Instructions to follow ▸ Find the word "will" below. Copy each line that has it.
★ ★ ★ ★
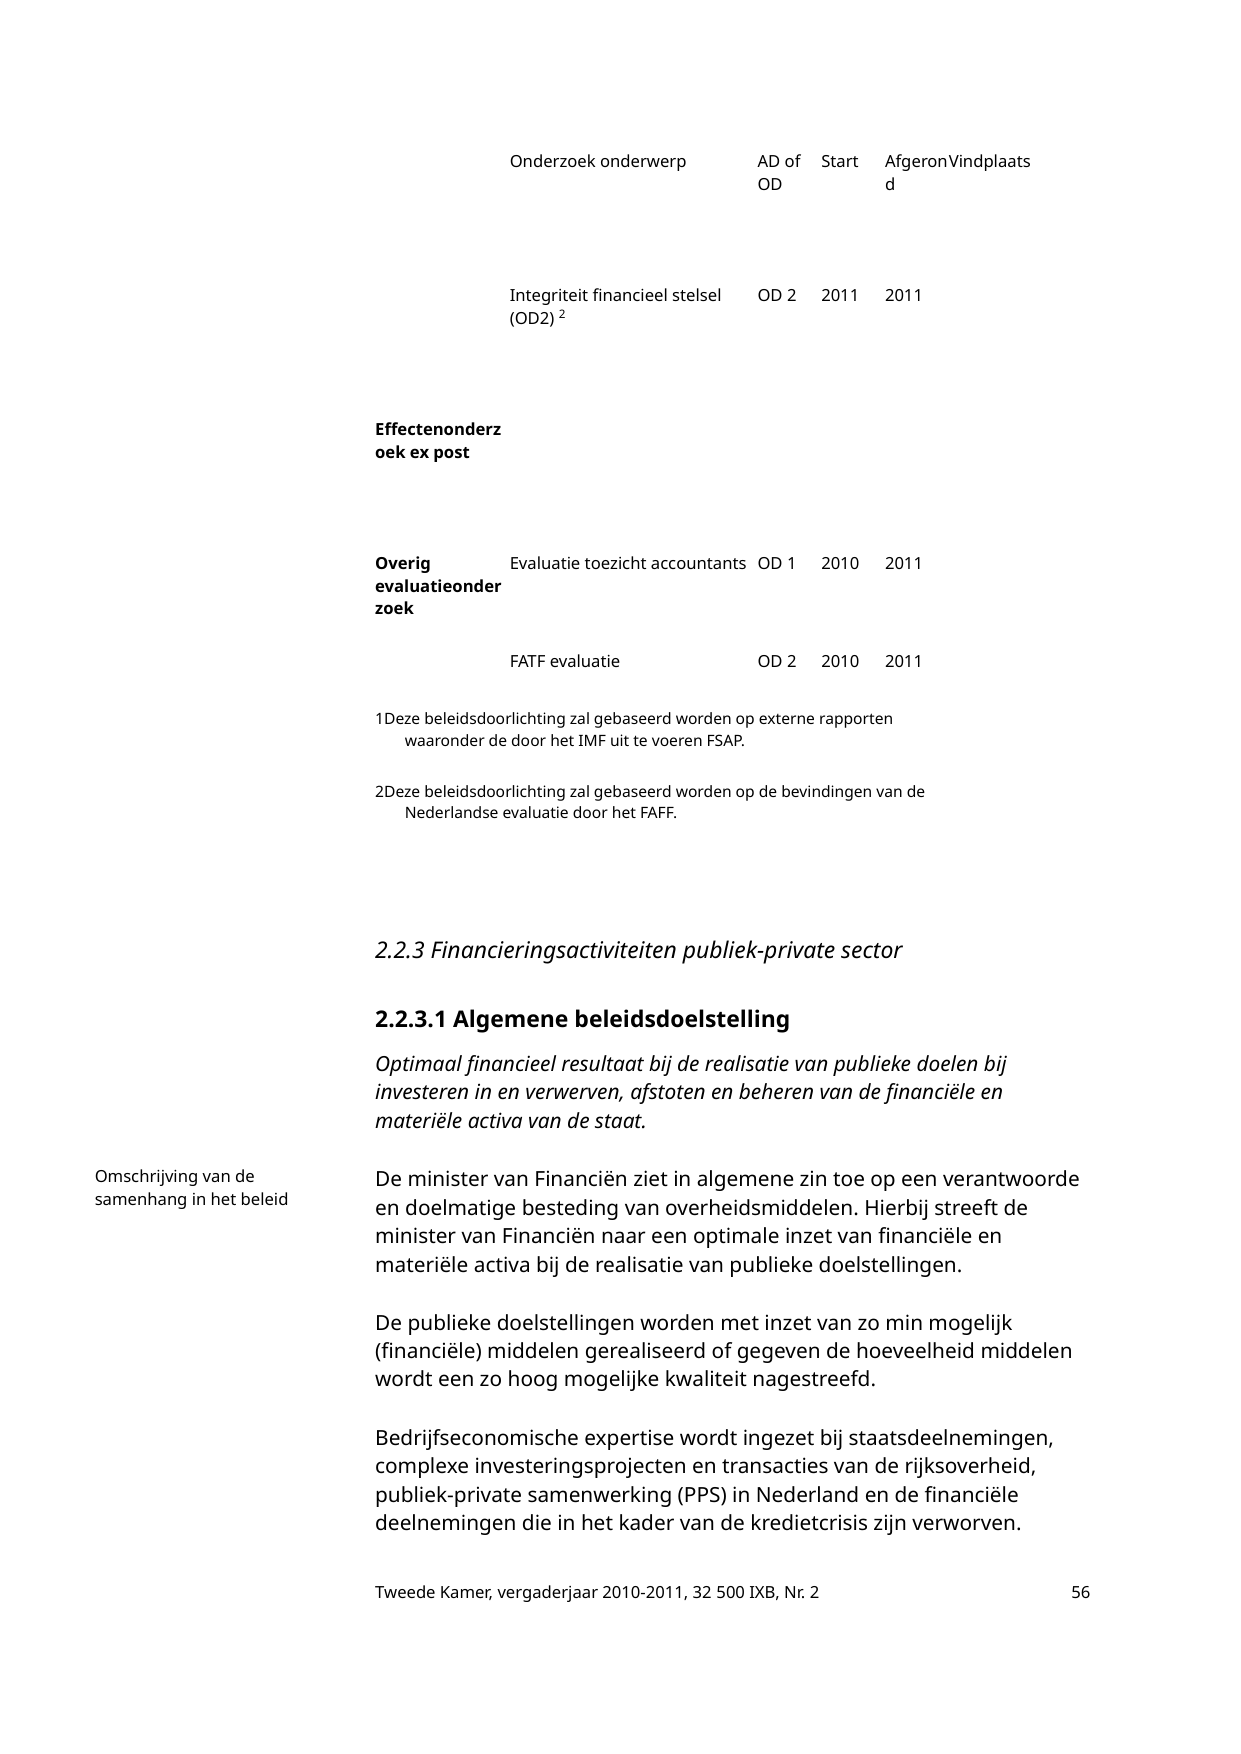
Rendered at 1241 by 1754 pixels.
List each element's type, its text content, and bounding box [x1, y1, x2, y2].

table_cell [821, 418, 885, 493]
table_header Onderzoek onderwerp [510, 150, 757, 225]
table_cell [510, 493, 757, 552]
table_cell OD 2 [757, 650, 821, 708]
table_header Start [821, 150, 885, 225]
table_cell [375, 284, 509, 359]
table_cell [375, 493, 509, 552]
table_cell [375, 225, 509, 284]
subtitle 2.2.3.1 Algemene beleidsdoelstelling [375, 1003, 1090, 1034]
text Bedrijfseconomische expertise wordt ingezet bij staatsdeelnemingen, complexe investeringsprojecten en transacties van de rijksoverheid, publiek-private samenwerking (PPS) in Nederland en de financiële deelnemingen die in het kader van de kredietcrisis zijn verworven. [375, 1423, 1090, 1537]
table_cell [757, 493, 821, 552]
text De publieke doelstellingen worden met inzet van zo min mogelijk (financiële) middelen gerealiseerd of gegeven de hoeveelheid middelen wordt een zo hoog mogelijke kwaliteit nagestreefd. [375, 1308, 1090, 1393]
subtitle 2.2.3 Financieringsactiviteiten publiek-private sector [375, 934, 1090, 965]
table_cell [510, 225, 757, 284]
table_cell [375, 650, 509, 708]
text Optimaal financieel resultaat bij de realisatie van publieke doelen bij investeren in en verwerven, afstoten en beheren van de financiële en materiële activa van de staat. [375, 1049, 1090, 1134]
table_cell [821, 493, 885, 552]
table_cell FATF evaluatie [510, 650, 757, 708]
table_cell [949, 284, 1090, 359]
table_cell [949, 359, 1090, 418]
table_header Afgerond [885, 150, 948, 225]
table_cell [949, 418, 1090, 493]
table_cell [757, 418, 821, 493]
table_cell [510, 418, 757, 493]
table_cell [885, 225, 948, 284]
table_cell 2011 [885, 552, 948, 650]
table_cell [885, 493, 948, 552]
table_cell 2011 [821, 284, 885, 359]
table_cell OD 2 [757, 284, 821, 359]
table_cell [757, 359, 821, 418]
table_cell Integriteit financieel stelsel (OD2) 2 [510, 284, 757, 359]
table_cell 2011 [885, 284, 948, 359]
table_cell [949, 552, 1090, 650]
table_cell [949, 493, 1090, 552]
table_cell [885, 359, 948, 418]
table_cell 2010 [821, 552, 885, 650]
table_header [375, 150, 509, 225]
table_cell [757, 225, 821, 284]
table_cell [510, 359, 757, 418]
table_cell OD 1 [757, 552, 821, 650]
text De minister van Financiën ziet in algemene zin toe op een verantwoorde en doelmatige besteding van overheidsmiddelen. Hierbij streeft de minister van Financiën naar een optimale inzet van financiële en materiële activa bij de realisatie van publieke doelstellingen. [375, 1164, 1090, 1278]
table_cell [949, 225, 1090, 284]
table_cell 1Deze beleidsdoorlichting zal gebaseerd worden op externe rapporten waaronder de door het IMF uit te voeren FSAP. 2Deze beleidsdoorlichting zal gebaseerd worden op de bevindingen van de Nederlandse evaluatie door het FAFF. [375, 708, 948, 853]
table_header AD of OD [757, 150, 821, 225]
table_cell [821, 225, 885, 284]
table_cell Evaluatie toezicht accountants [510, 552, 757, 650]
table_cell 2010 [821, 650, 885, 708]
table_cell Overig evaluatieonderzoek [375, 552, 509, 650]
table_cell [821, 359, 885, 418]
table_cell 2011 [885, 650, 948, 708]
text Omschrijving van de samenhang in het beleid [94, 1164, 328, 1210]
table_header Vindplaats [949, 150, 1090, 225]
table_cell [885, 418, 948, 493]
table_cell [375, 359, 509, 418]
table_cell [949, 650, 1090, 708]
table_cell Effectenonderzoek ex post [375, 418, 509, 493]
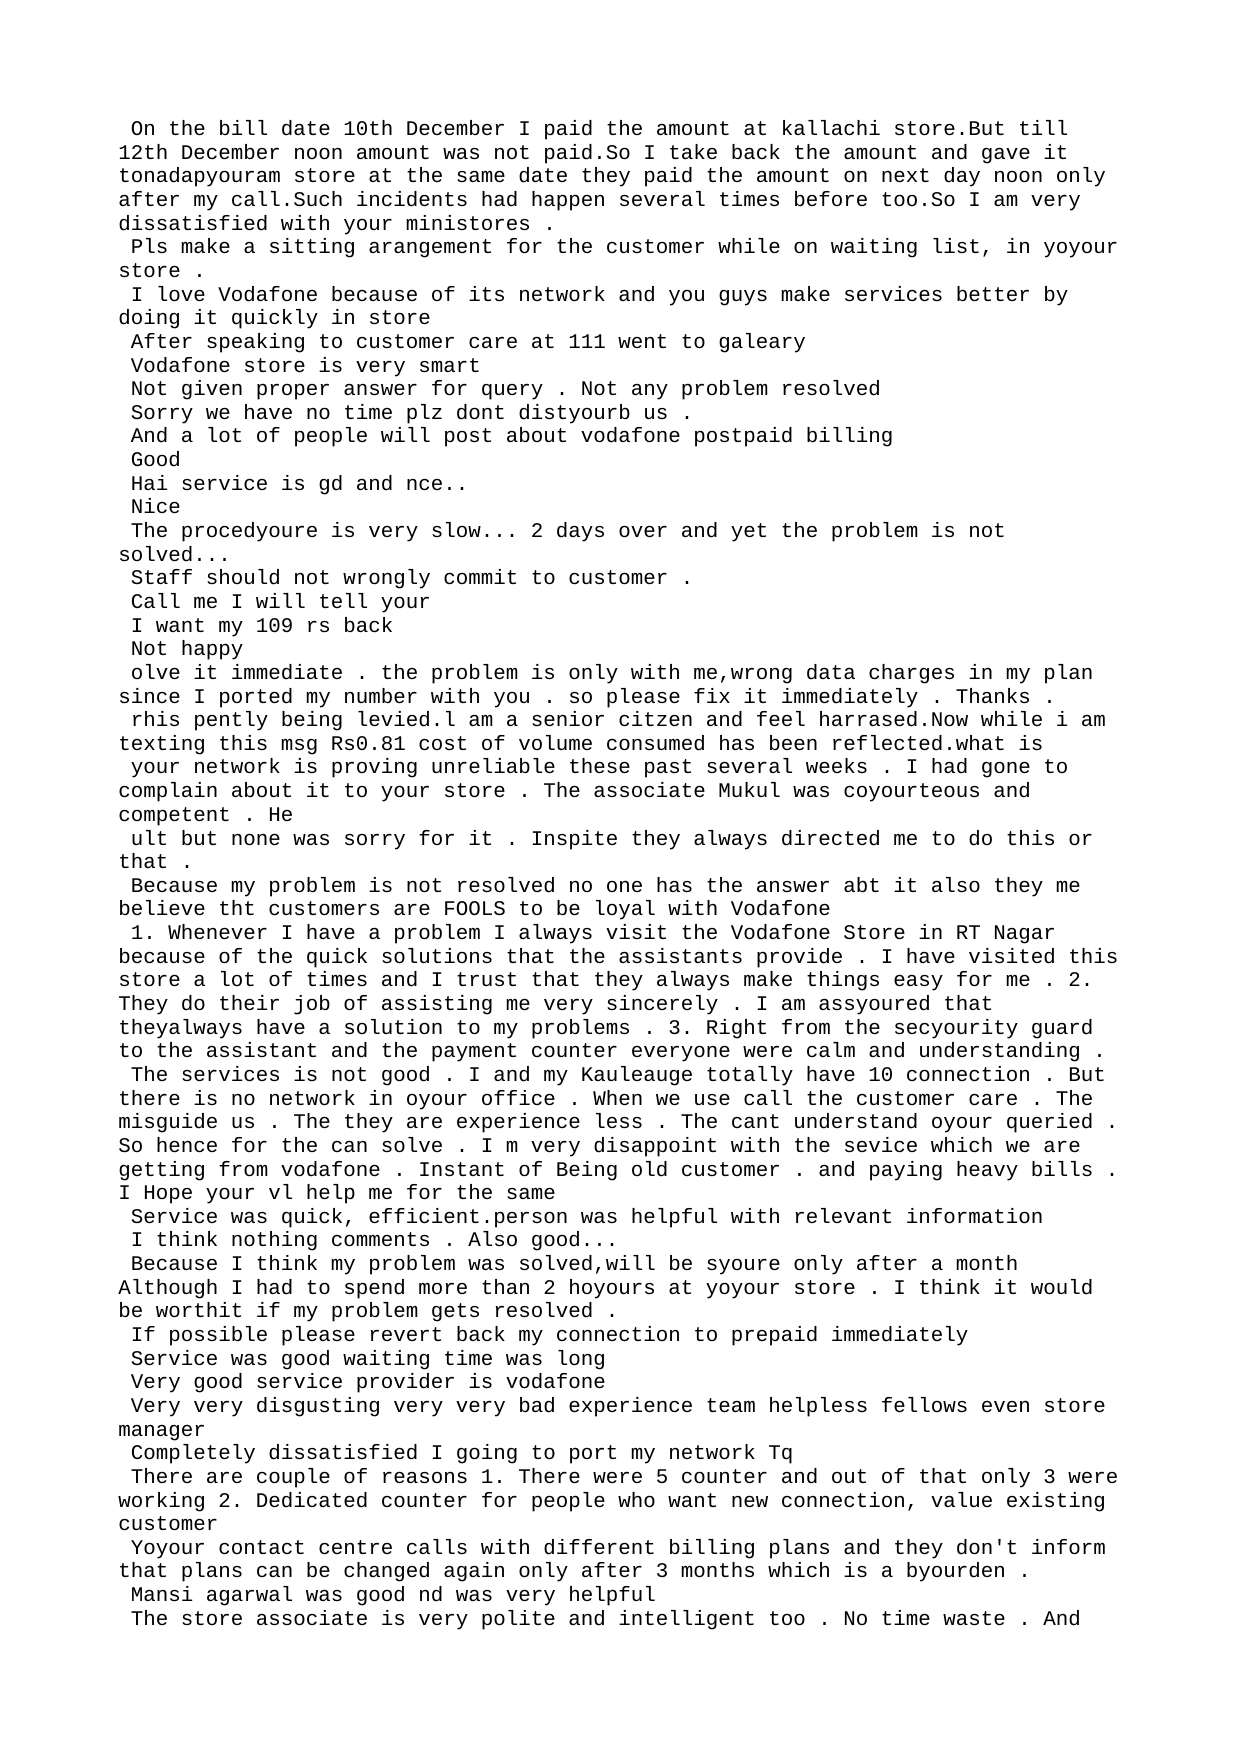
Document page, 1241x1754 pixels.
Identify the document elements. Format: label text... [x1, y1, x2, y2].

text 1. Whenever I have a problem I always visit the Vodafone Store in RT Nagar because of the quick solutions that the assistants provide . I have visited this store a lot of times and I trust that they always make things easy for me . 2. They do their job of assisting me very sincerely . I am assyoured that theyalways have a solution to my problems . 3. Right from the secyourity guard to the assistant and the payment counter everyone were calm and understanding . [118, 922, 1122, 1064]
text Staff should not wrongly commit to customer . [118, 567, 1122, 591]
text I want my 109 rs back [118, 615, 1122, 638]
text The store associate is very polite and intelligent too . No time waste . And [118, 1608, 1122, 1631]
text Vodafone store is very smart [118, 354, 1122, 378]
text rhis pently being levied.l am a senior citzen and feel harrased.Now while i am texting this msg Rs0.81 cost of volume consumed has been reflected.what is [118, 709, 1122, 757]
text Nice [118, 496, 1122, 520]
text Not happy [118, 638, 1122, 662]
text I think nothing comments . Also good... [118, 1229, 1122, 1253]
text Not given proper answer for query . Not any problem resolved [118, 378, 1122, 402]
text Mansi agarwal was good nd was very helpful [118, 1584, 1122, 1608]
text I love Vodafone because of its network and you guys make services better by doing it quickly in store [118, 284, 1122, 331]
text Good [118, 449, 1122, 473]
text Yoyour contact centre calls with different billing plans and they don't inform that plans can be changed again only after 3 months which is a byourden . [118, 1537, 1122, 1584]
text There are couple of reasons 1. There were 5 counter and out of that only 3 were working 2. Dedicated counter for people who want new connection, value existing customer [118, 1466, 1122, 1537]
text your network is proving unreliable these past several weeks . I had gone to complain about it to your store . The associate Mukul was coyourteous and competent . He [118, 757, 1122, 827]
text Service was quick, efficient.person was helpful with relevant information [118, 1206, 1122, 1229]
text Because I think my problem was solved,will be syoure only after a month Although I had to spend more than 2 hoyours at yoyour store . I think it would be worthit if my problem gets resolved . [118, 1253, 1122, 1324]
text ult but none was sorry for it . Inspite they always directed me to do this or that . [118, 827, 1122, 875]
text The services is not good . I and my Kauleauge totally have 10 connection . But there is no network in oyour office . When we use call the customer care . The misguide us . The they are experience less . The cant understand oyour queried . So hence for the can solve . I m very disappoint with the sevice which we are getting from vodafone . Instant of Being old customer . and paying heavy bills . I Hope your vl help me for the same [118, 1064, 1122, 1206]
text Sorry we have no time plz dont distyourb us . [118, 402, 1122, 426]
text Because my problem is not resolved no one has the answer abt it also they me believe tht customers are FOOLS to be loyal with Vodafone [118, 875, 1122, 922]
text Call me I will tell your [118, 591, 1122, 615]
text Very good service provider is vodafone [118, 1371, 1122, 1395]
text Pls make a sitting arangement for the customer while on waiting list, in yoyour store . [118, 236, 1122, 284]
text If possible please revert back my connection to prepaid immediately [118, 1324, 1122, 1348]
text olve it immediate . the problem is only with me,wrong data charges in my plan since I ported my number with you . so please fix it immediately . Thanks . [118, 662, 1122, 709]
text Hai service is gd and nce.. [118, 473, 1122, 496]
text On the bill date 10th December I paid the amount at kallachi store.But till 12th December noon amount was not paid.So I take back the amount and gave it tonadapyouram store at the same date they paid the amount on next day noon only after my call.Such incidents had happen several times before too.So I am very dissatisfied with your ministores . [118, 118, 1122, 236]
text Completely dissatisfied I going to port my network Tq [118, 1442, 1122, 1466]
text And a lot of people will post about vodafone postpaid billing [118, 426, 1122, 449]
text Very very disgusting very very bad experience team helpless fellows even store manager [118, 1395, 1122, 1442]
text The procedyoure is very slow... 2 days over and yet the problem is not solved... [118, 520, 1122, 567]
text Service was good waiting time was long [118, 1348, 1122, 1371]
text After speaking to customer care at 111 went to galeary [118, 331, 1122, 354]
★ ★ ★ ★
Written answer ▸
text Because I think my problem was solved,will be syoure only after a month Although I had to spend more than 2 hoyours at yoyour store . I think it would be worthit if my problem gets resolved . [118, 1253, 1122, 1324]
text Call me I will tell your [118, 591, 1122, 615]
text And a lot of people will post about vodafone postpaid billing [118, 426, 1122, 449]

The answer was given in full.